As a monkey-patch, people could pass a fake SSLContext when performing HTTP calls.
Something like:
async with aiohttp.ClientSession(
timeout=aiohttp.ClientTimeout(total=3)
) as session, session.get(url, ssl=FakeSSLContext()) as response:
response = await response.json()
assert response == data
To make it work, I had to apply a couple patches to aiohttp code:
diff --git a/aiohttp/client_reqrep.py b/aiohttp/client_reqrep.py
index 602d6da5..9d247935 100644
--- a/aiohttp/client_reqrep.py
+++ b/aiohttp/client_reqrep.py
@@ -147,7 +147,8 @@ class Fingerprint:
if ssl is not None:
- SSL_ALLOWED_TYPES = (ssl.SSLContext, bool, Fingerprint)
+ from mocket import FakeSSLContext
+ SSL_ALLOWED_TYPES = (ssl.SSLContext, bool, Fingerprint, FakeSSLContext)
else: # pragma: no cover
SSL_ALLOWED_TYPES = (bool,)
diff --git a/aiohttp/connector.py b/aiohttp/connector.py
index e00ad196..61614cb4 100644
--- a/aiohttp/connector.py
+++ b/aiohttp/connector.py
@@ -1034,7 +1034,7 @@ class TCPConnector(BaseConnector):
if ssl is None: # pragma: no cover
raise RuntimeError("SSL is not supported.")
sslcontext = req.ssl
- if isinstance(sslcontext, ssl.SSLContext):
+ if hasattr(sslcontext, "wrap_socket"):
return sslcontext
if sslcontext is not True:
# not verified or fingerprinted
For the first change, it'd be great if there was a way to inject new types (or maybe just a mix of types and duck-typing?), while the second is probably an harmless change (duck-typing vs class-based check).
An alternative I don't particularly like - client logic inside Mocket - would be mocking TCPConnector._get_ssl_context, but the function would have to be at module level to make it easier.
The previous approach would imply devs need to know what they are doing and make their code behave differently when testing - adding the fake context to every HTTPS request -, while the second one would be totally transparent to them, at the cost of mocking a bit of aiohttp internals.
In the end I opted for the third approach, implementing a Mocket TcpConnector to be used with ClientSession when running tests.
class MocketTCPConnector(TCPConnector):
"""
`aiohttp` reuses SSLContext instances created at import-time,
making it more difficult for Mocket to do its job.
This is an attempt to make things smoother, at the cost of
slightly patching the `ClientSession` while testing.
"""
def _get_ssl_context(self, req: ClientRequest) -> FakeSSLContext:
return FakeSSLContext()
Mocket 3.13.2 introduces the above connector.
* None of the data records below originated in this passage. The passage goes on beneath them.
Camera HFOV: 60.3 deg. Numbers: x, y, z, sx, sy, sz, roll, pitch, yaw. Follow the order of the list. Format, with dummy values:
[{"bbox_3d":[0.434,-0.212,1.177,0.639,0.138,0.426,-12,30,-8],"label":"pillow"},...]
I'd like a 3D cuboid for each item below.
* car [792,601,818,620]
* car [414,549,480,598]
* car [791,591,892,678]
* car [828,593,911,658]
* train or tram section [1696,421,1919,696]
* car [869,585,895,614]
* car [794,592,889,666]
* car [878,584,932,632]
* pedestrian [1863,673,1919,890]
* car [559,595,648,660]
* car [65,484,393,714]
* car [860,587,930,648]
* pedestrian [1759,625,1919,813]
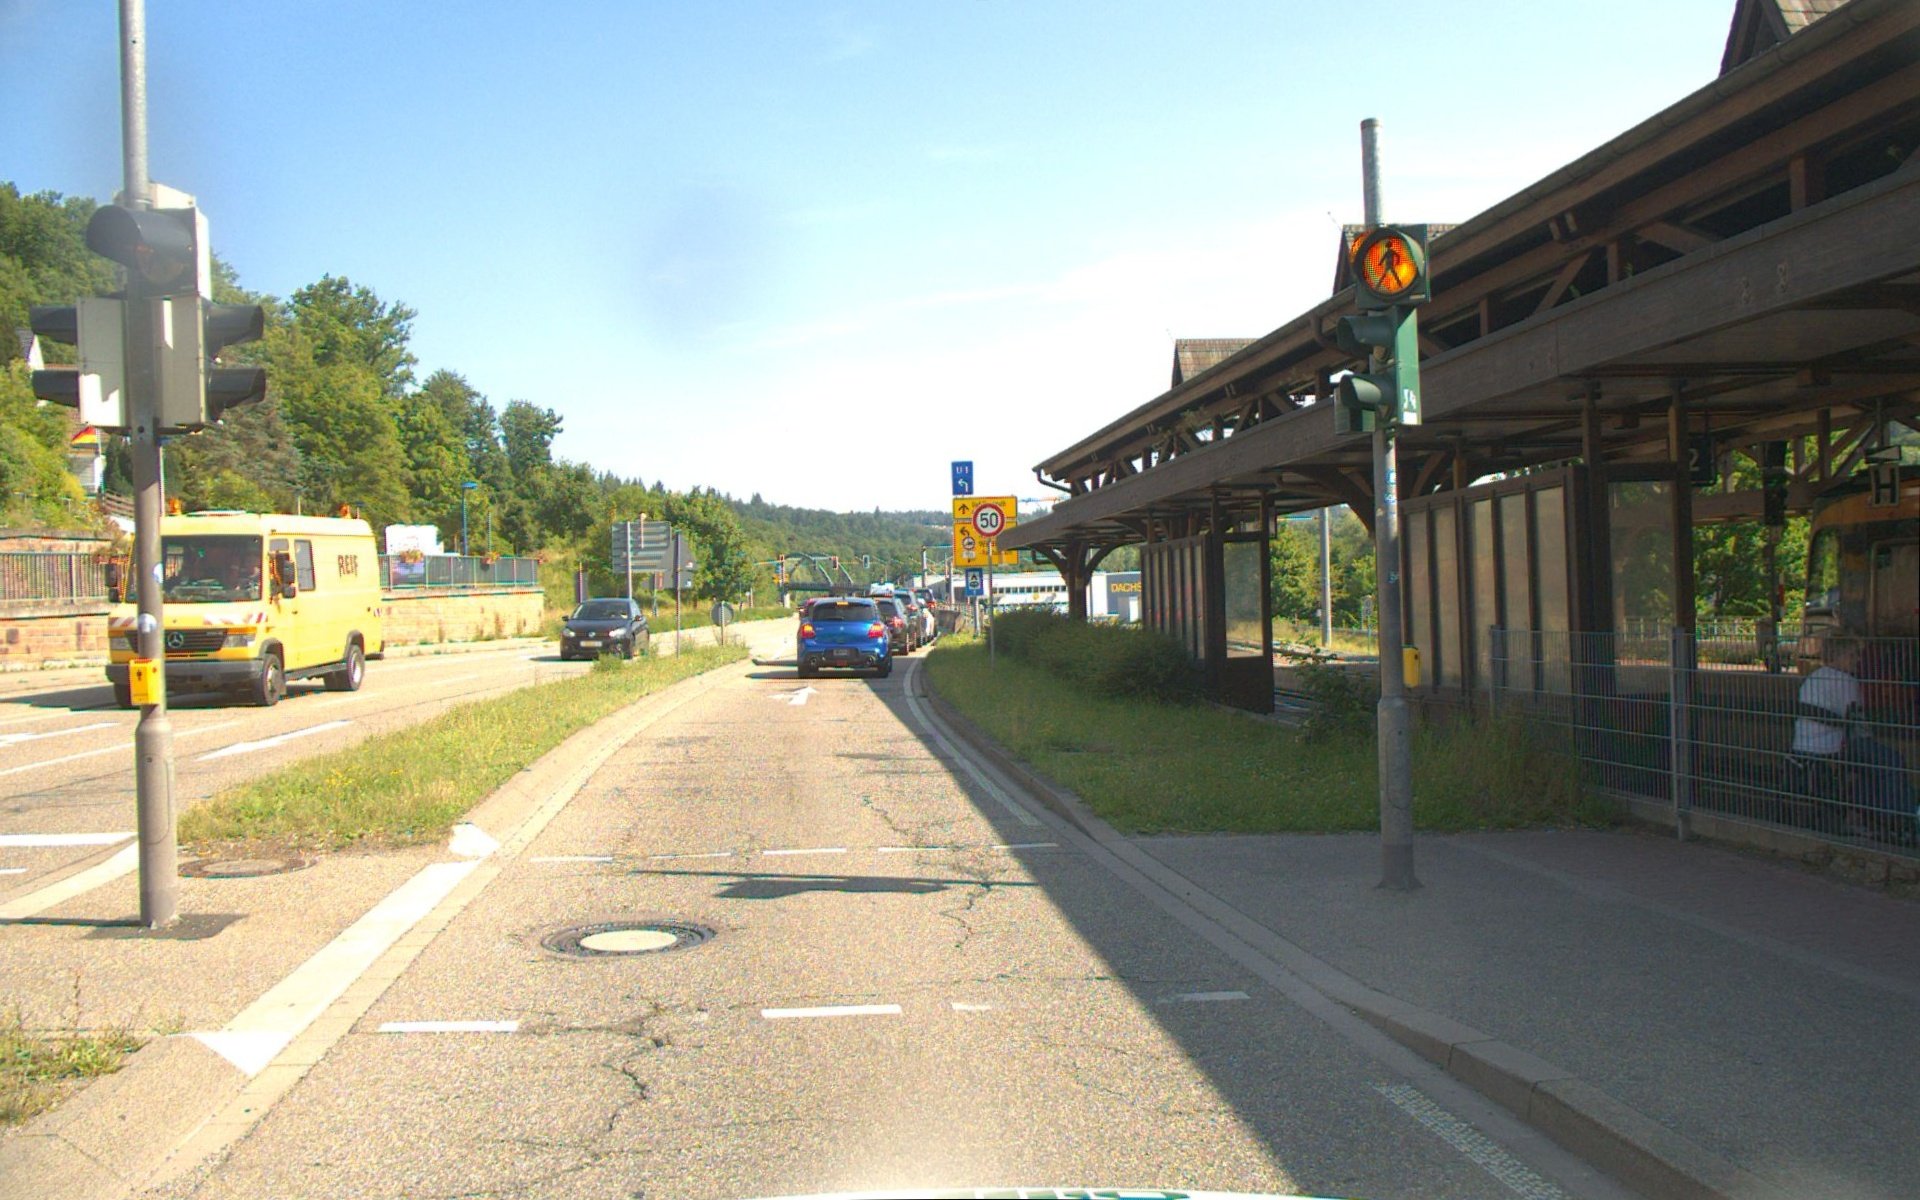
[{"bbox_3d":[-13.311,0.892,142.371,1.755,1.496,4.716,0,0,0],"label":"car"},{"bbox_3d":[-21.679,-1.135,70.066,1.983,1.953,4.722,1,1,-9],"label":"car"},{"bbox_3d":[-2.280,0.628,32.293,1.831,1.575,3.997,0,0,-3],"label":"car"},{"bbox_3d":[-2.310,0.631,43.236,1.953,1.558,4.601,-1,0,-1],"label":"car"},{"bbox_3d":[13.414,-0.485,19.672,2.703,3.423,12.030,1,0,-7],"label":"train or tram section"},{"bbox_3d":[-6.143,-0.033,130.063,1.953,2.182,4.717,0,0,-3],"label":"car"},{"bbox_3d":[-2.662,0.639,37.951,1.953,1.599,3.999,0,0,-1],"label":"car"},{"bbox_3d":[-2.064,0.284,63.298,1.953,1.766,3.999,1,0,-1],"label":"car"},{"bbox_3d":[4.888,0.874,7.844,0.728,0.999,0.767,1,1,-10],"label":"pedestrian"},{"bbox_3d":[-8.791,0.647,41.048,1.712,1.488,4.038,-1,0,-6],"label":"car"},{"bbox_3d":[-10.880,-0.002,25.360,2.418,3.063,6.461,1,0,-3],"label":"car"},{"bbox_3d":[-1.897,0.495,49.343,1.953,1.716,4.496,1,0,-1],"label":"car"},{"bbox_3d":[5.678,0.744,10.604,0.728,1.136,0.666,1,1,-10],"label":"pedestrian"}]

Here is a working test showing there is no need to import aiohttp when Mocket is in control: https://github.com/mindflayer/python-mocket/blob/main/tests/test_asyncio.py#L49
Thanks for helping.
Seems like a decent solution. Feel free to open a PR with a regression test, so we don't break it by accident (e.g. removing/renaming that method during a refactor).
A bit of a side track, but still directly related to the static initialization of the SSL contexts so i didn't want to open an entirely new issue here, just to add some more context on the effect of the change.
This change also broke a lot of code that depended on changing environment variables such as SSL_CERT_FILE to certifi.where() at runtime (typically in __main__) that affects the parsing of the openssl get and set _default_verify_paths.
The changelog only reflected a bug fix so this side effect went unnoticed into production, but it was easily fixed by making those changes at import time as well.
But i fully respect and understand the necessity of the change but it also felt important to note this perhaps not so niche use-case for future references.